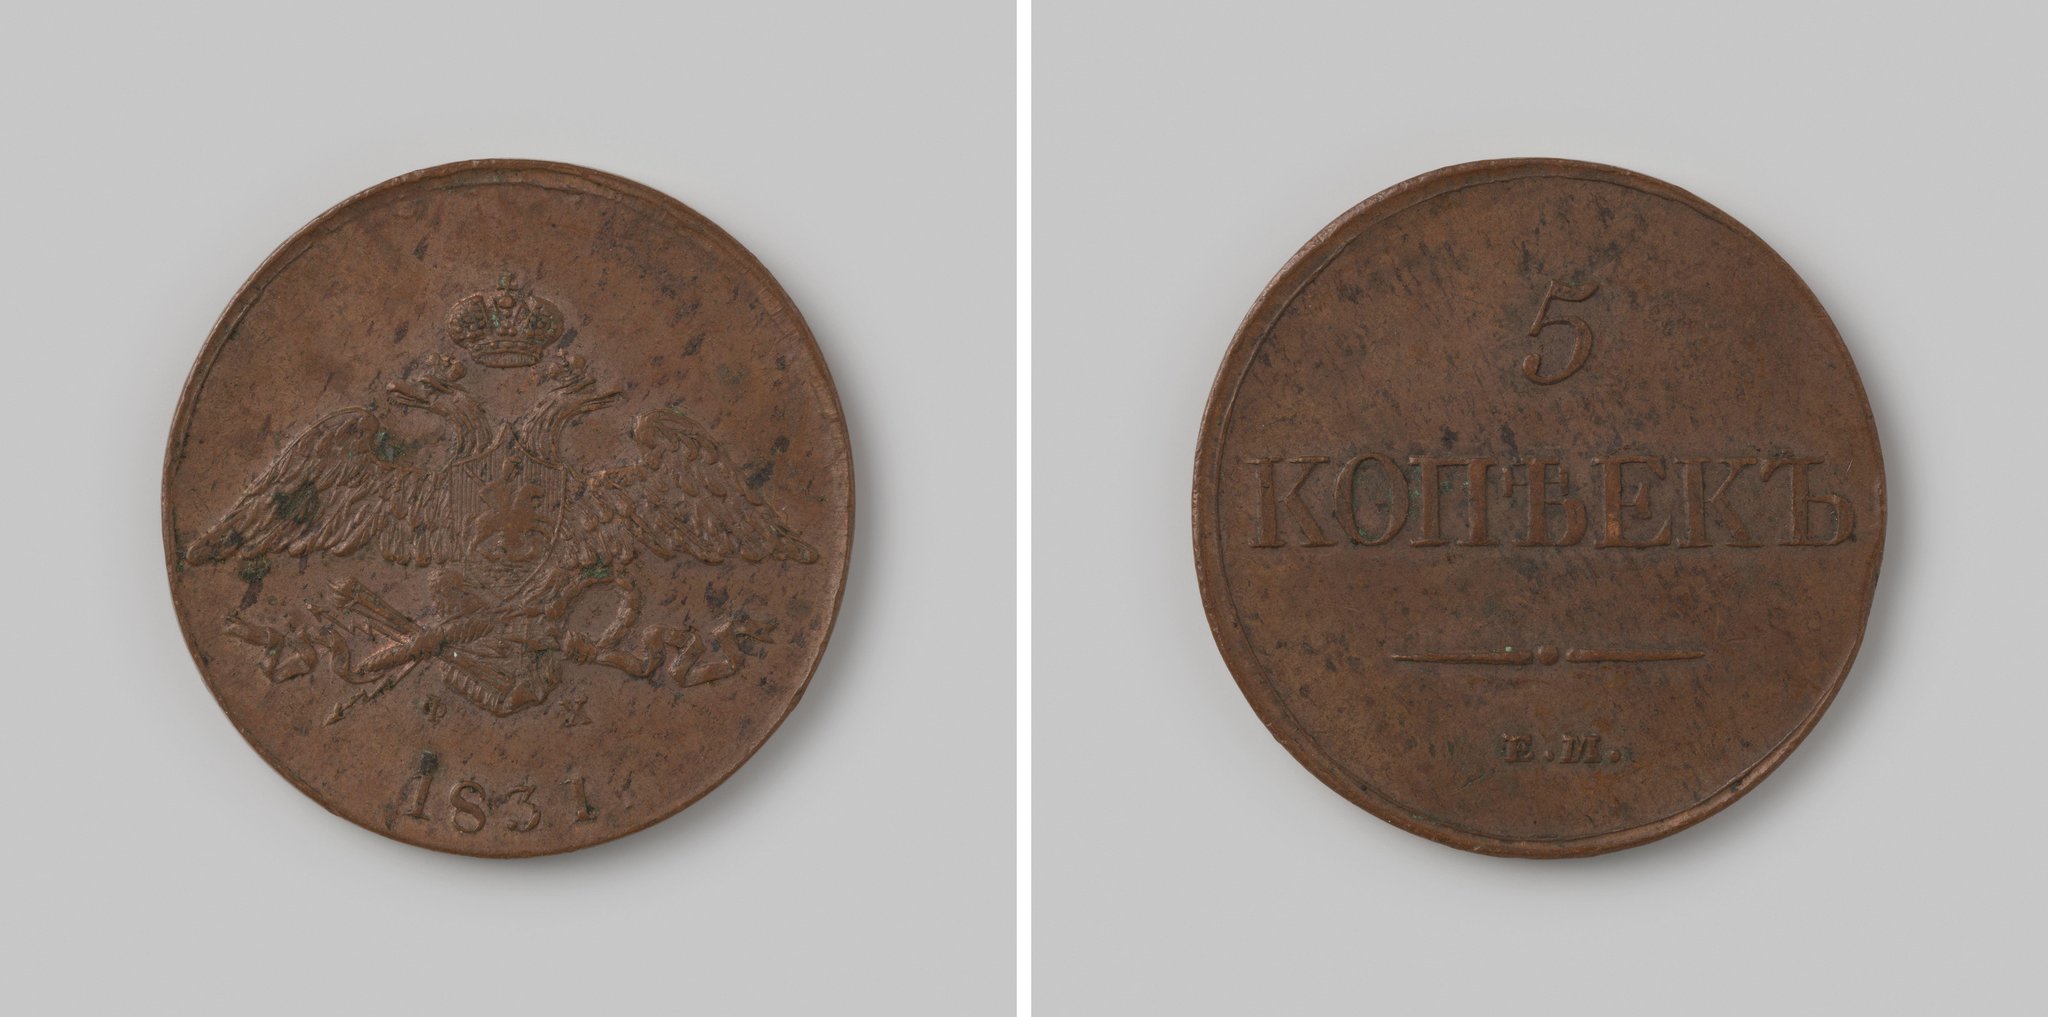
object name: coin
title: Rusland, tsaar Nikolai I, 5 kopeken, 1831 EM
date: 1831
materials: copper
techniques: striking
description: Koperen munt. Voorzijde: dubbelkoppige gekroonde adelaar met gespreide vleugels en met op zijn bosrt een wapenschild en onder op zijn staart verschillende attributen. Daaronder jaartal. Boven de adelaar een kroon. Keerzijde: in twee regels waarde-aanduiding, waaronder in het Cyrillisch de letters E en M [=Ekaterinenburg]. Gladde rand.
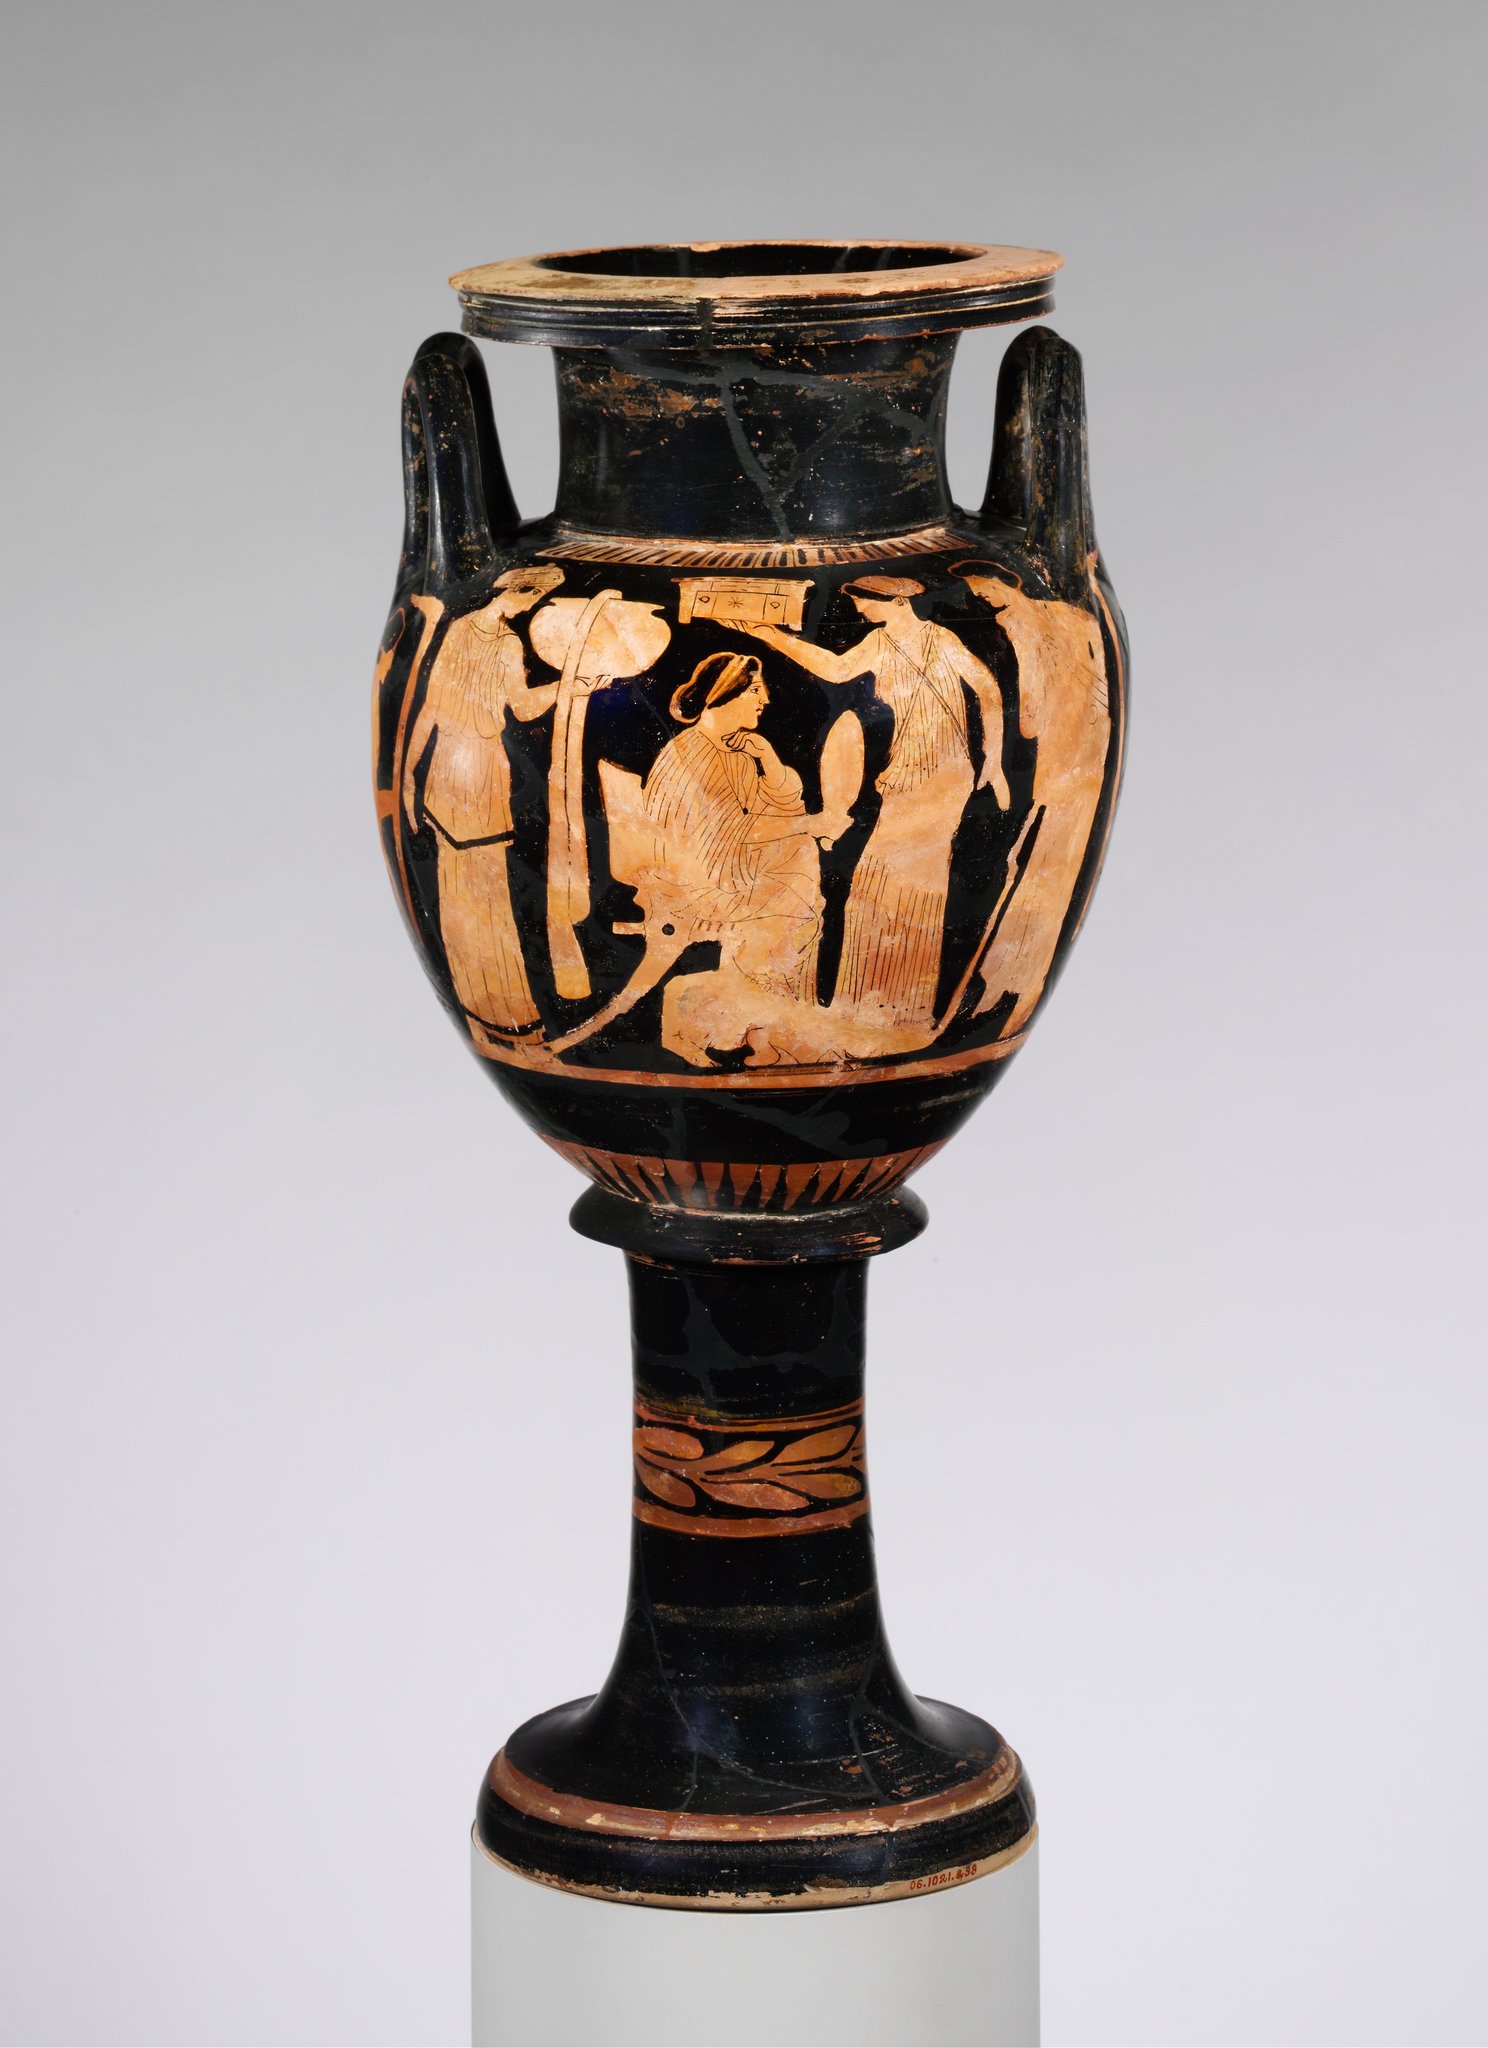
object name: lebes gamikos
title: Terracotta lebes gamikos (round-bottomed bowl with handles and stand used in weddings)
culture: greek, attic
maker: naples painter
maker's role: artist
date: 420 BCE
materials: terracotta
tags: men,women,mirrors
☆ ☆ ☆ ☆ ☆
→ **Problem to work on**
The reply should repeat the data in full, exactly as given, and contain no pictures.

→ **Your response**
object name: coin
title: Rusland, tsaar Nikolai I, 5 kopeken, 1831 EM
date: 1831
materials: copper
techniques: striking
description: Koperen munt. Voorzijde: dubbelkoppige gekroonde adelaar met gespreide vleugels en met op zijn bosrt een wapenschild en onder op zijn staart verschillende attributen. Daaronder jaartal. Boven de adelaar een kroon. Keerzijde: in twee regels waarde-aanduiding, waaronder in het Cyrillisch de letters E en M [=Ekaterinenburg]. Gladde rand.
object name: lebes gamikos
title: Terracotta lebes gamikos (round-bottomed bowl with handles and stand used in weddings)
culture: greek, attic
maker: naples painter
maker's role: artist
date: 420 BCE
materials: terracotta
tags: men,women,mirrors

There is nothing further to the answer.